***** Available data
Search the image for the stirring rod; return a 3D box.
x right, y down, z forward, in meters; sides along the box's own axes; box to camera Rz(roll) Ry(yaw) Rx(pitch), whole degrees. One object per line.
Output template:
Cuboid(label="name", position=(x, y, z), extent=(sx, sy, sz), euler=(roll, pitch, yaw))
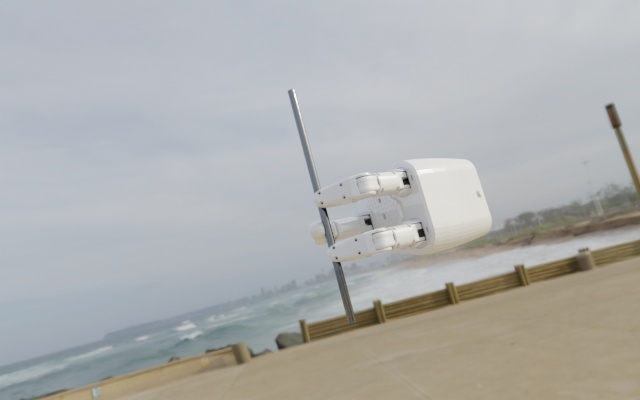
**********
[Exercise instructions] From the material above, print everything exactly except the pictures.

[Solution to the exercise]
Search the image for the stirring rod; return a 3D box.
x right, y down, z forward, in meters; sides along the box's own axes; box to camera Rz(roll) Ry(yaw) Rx(pitch), whole degrees. One object per line.
Output template:
Cuboid(label="name", position=(x, y, z), extent=(sx, sy, sz), euler=(roll, pitch, yaw))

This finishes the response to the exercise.